Loving God, who made your servant Aidan a wanderer among the English that he might bring them home to your kingdom, grant us, after his example, to walk so faithfully along the pathways of this life, that in all our converse with others we may commend the saving gospel of your Son Jesus Christ; who is alive and reigns with you and the Holy Spirit, one God, now and for ever
You came on the flow tide blown in, full of hope and zeal. You carried the milk of the Gospel but in your satchel, the firm, solid Good News waited to be heard.
The waves revealed the pilgrim way to Lindisfarne, for its first journeying companion of Christ. Those waves, a sign of what your Lord achieved through you: first, lapping the hearts of those aspiring to know God, then rushing in, hurrying to swamp the land with love: a sea boiling with joy and hope and message.
Milk, then meat. Quiet ripples, then mighty waters of God’s love and grace.
You were sent, Apostle to the North. You came: a gentle breeze inspiring others, awakening in them the wind of the Spirit. Because of you, they stormed the Gospel message, opening others to grace and truth, to joy and love.
St Aidan window | Leonard Evetts Holy Island Church
In 635AD a monk from Iona arrived at the court of King Oswald at Bamburgh in Northumberland. The King had recently won back his kingdom from the pagan Penda and he vowed that his people should become, as he was, Christian. When his father was defeated by Penda, Oswald with his brother and sister were sent, for safety, to live with the monks on Iona – the island consecrated by the prayer of St Columba. There Oswald learned Christianity and it was to Iona that the newly crowned king sent for a missioner to begin the work of proclaiming the Gospel. The first monk to arrive failed to make any headway with the people and it is thought he was too harsh on them.

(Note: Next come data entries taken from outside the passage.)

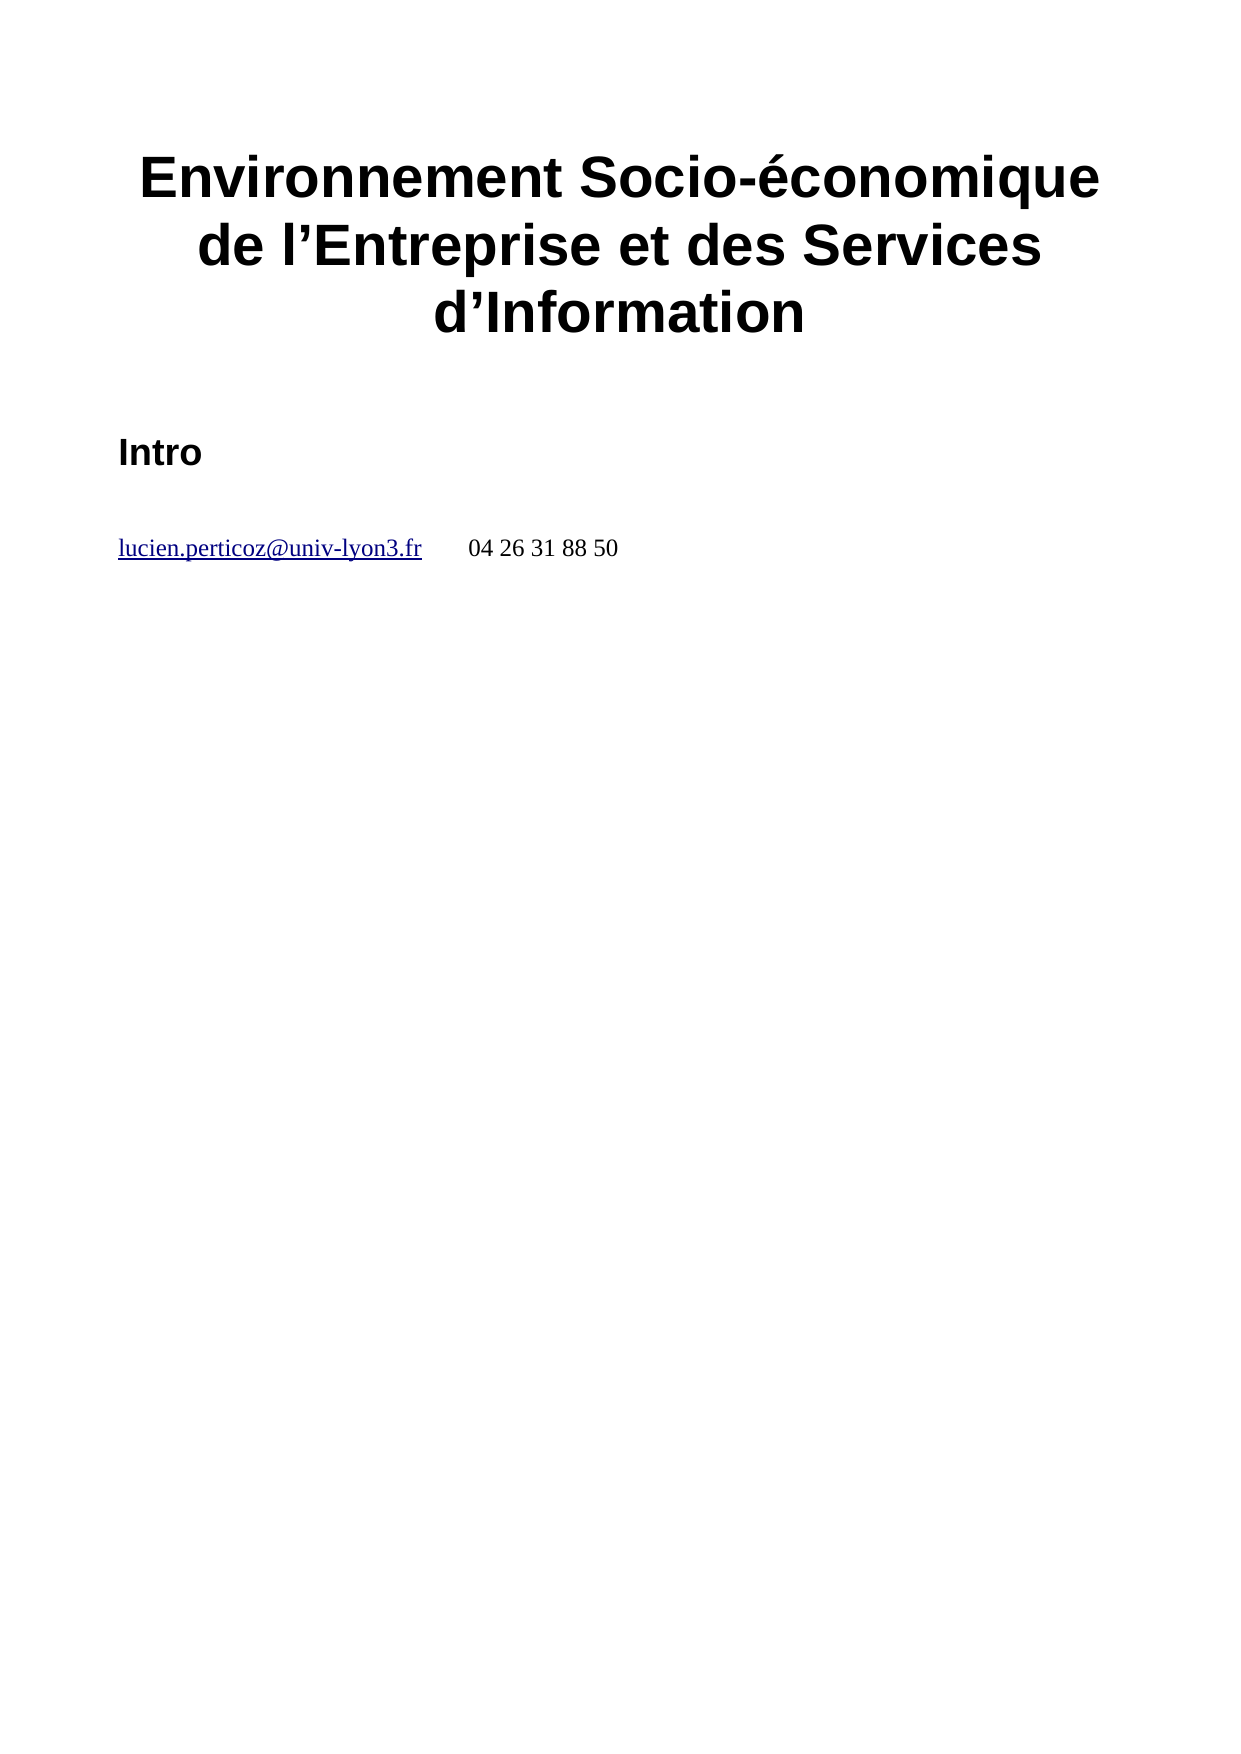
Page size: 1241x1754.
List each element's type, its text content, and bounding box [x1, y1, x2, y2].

text lucien.perticoz@univ-lyon3.fr 04 26 31 88 50 [118, 533, 1122, 562]
subtitle Intro [118, 429, 1122, 473]
title Environnement Socio-économique de l’Entreprise et des Services d’Information [118, 143, 1122, 344]
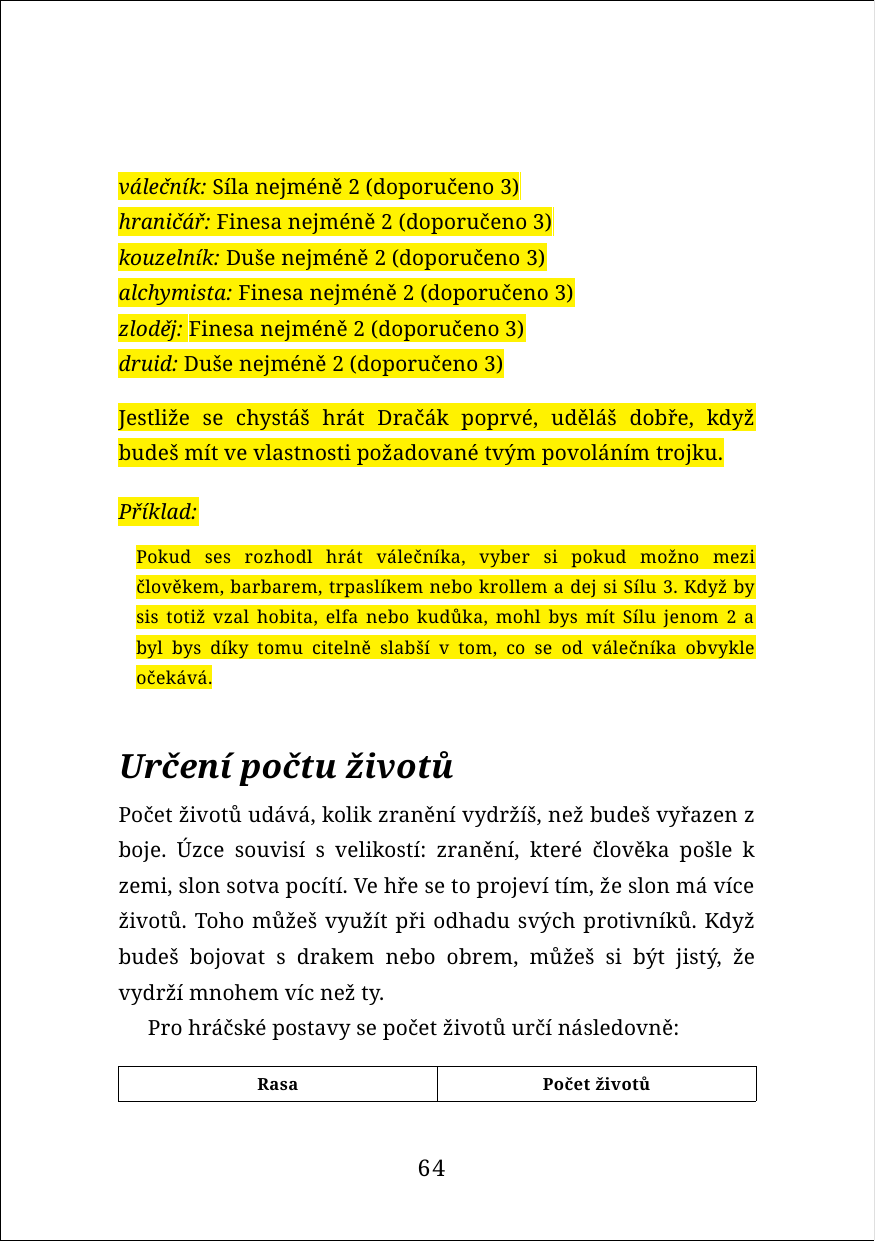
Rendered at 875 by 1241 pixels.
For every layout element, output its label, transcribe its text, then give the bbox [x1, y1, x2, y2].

text Příklad: [118, 497, 756, 526]
table_header Počet životů [438, 1067, 756, 1101]
table_header Rasa [119, 1067, 437, 1101]
text válečník: Síla nejméně 2 (doporučeno 3) hraničář: Finesa nejméně 2 (doporučeno 3) kouzelník: Duše nejméně 2 (doporučeno 3) alchymista: Finesa nejméně 2 (doporučeno 3) zloděj: Finesa nejméně 2 (doporučeno 3) druid: Duše nejméně 2 (doporučeno 3) [118, 172, 756, 378]
subtitle Určení počtu životů [118, 743, 756, 788]
text Pokud ses rozhodl hrát válečníka, vyber si pokud možno mezi člověkem, barbarem, trpaslíkem nebo krollem a dej si Sílu 3. Když by sis totiž vzal hobita, elfa nebo kudůka, mohl bys mít Sílu jenom 2 a byl bys díky tomu citelně slabší v tom, co se od válečníka obvykle očekává. [136, 544, 756, 689]
text Jestliže se chystáš hrát Dračák poprvé, uděláš dobře, když budeš mít ve vlastnosti požadované tvým povoláním trojku. [118, 403, 756, 467]
text Počet životů udává, kolik zranění vydržíš, než budeš vyřazen z boje. Úzce souvisí s velikostí: zranění, které člověka pošle k zemi, slon sotva pocítí. Ve hře se to projeví tím, že slon má více životů. Toho můžeš využít při odhadu svých protivníků. Když budeš bojovat s drakem nebo obrem, můžeš si být jistý, že vydrží mnohem víc než ty. Pro hráčské postavy se počet životů určí následovně: [118, 800, 756, 1042]
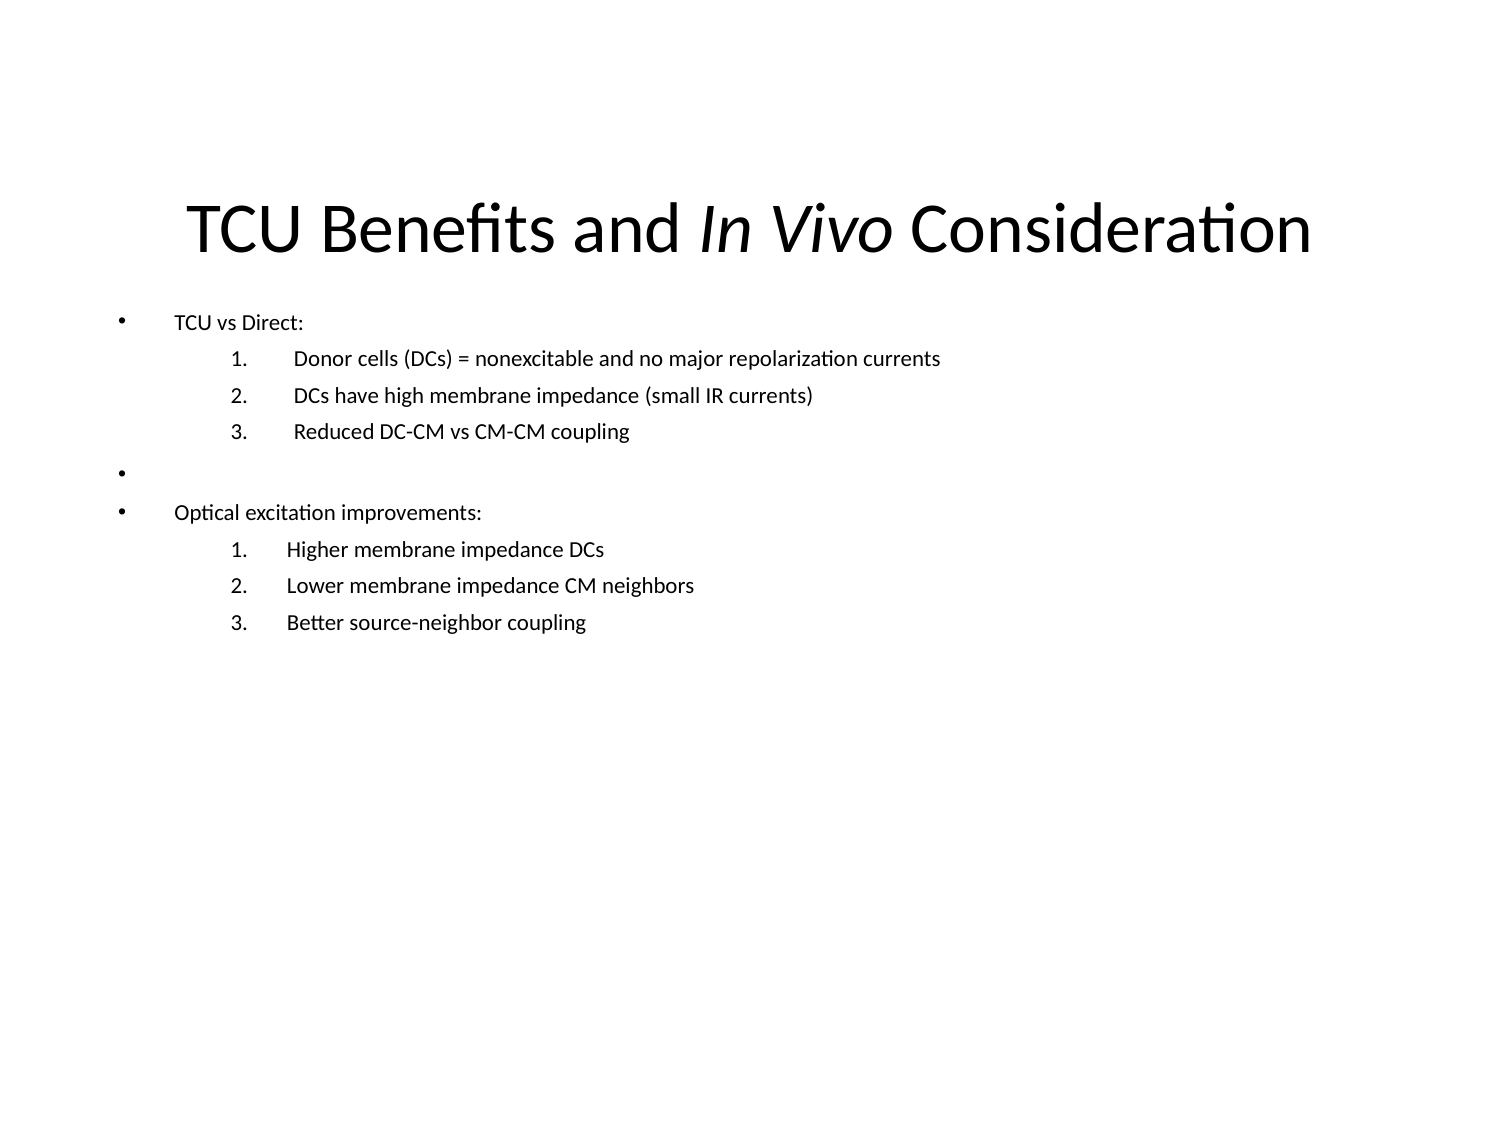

It probably didn’t help his case when he called them ignorant, unteachable and barbaric!
The saintly monk Aidan gently told him that he had tried to feed the people with ‘meat’ when first they needed the ‘milk’ of the Gospel. Not surprisingly, the Abbot told Aidan if he could do any better, he should go to Lindisfarne and see what he could do. Thus he was sent to re-start the mission and his gentle approach to evangelism soon paid off.
As a Celtic monk, he preferred the isolation of an island – although one which was accessible to the mainland for his missionary work and also near the King with whom he intended to work in partnership. Ideally suited (and you can so easily detect the hand of God in this) was the island known as Lindisfarne or today, because of Aidan, Holy island.
Aidan’s approach to mission and evangelism was neither hard-line nor hard-sell. He was a Celt and the Celtic approach was to quietly but certainly overlay pagan beliefs with Christian ones but not by denouncing the pagan. To pagan belief, the Celts introduced a richer interpretation. For example, the pagan worship of the Sun was easily transferrable to worship of the SON, Jesus Christ. Without threatening but through gentle loving, the seed of Christianity was carefully and firmly sown and it paid off.
Aidan also went ‘local’. He set up a monastic school which trained youths for mission, having first steeped them in prayer and Bible study. Twelve boys (like 12 disciples) were the first to arrive and they laid the foundation for a monastic school which was to gain huge renown. The boys, when trained, were sent out as ‘Apostles’ to England. Cedd, for example, took the Gospel to Essex (having first proclaimed Jesus Christ in North Yorkshire). Chad, his brother, proclaimed the Gospel in the Midlands. Aidan himself was tireless in his Missionary journeys. The mission succeeded and was blessed by God, because it combined the deep zeal of Celtic spirituality to travel to foreign parts for the sake of the Gospel with a deep understanding of what the Gospel is. It used local people to spread the Word. Though Lindisfarne began as a Celtic foundation (and was staffed in part from Iona and Ireland) it was also an Anglo-Saxon (native) mission. That’s why it took root. It may sometimes be true that a prophet isn’t often heard in his or her own country but there is another truth which is that if you are convinced by Jesus Christ and build up your relationship with Him, then you will witness to people in your own locality.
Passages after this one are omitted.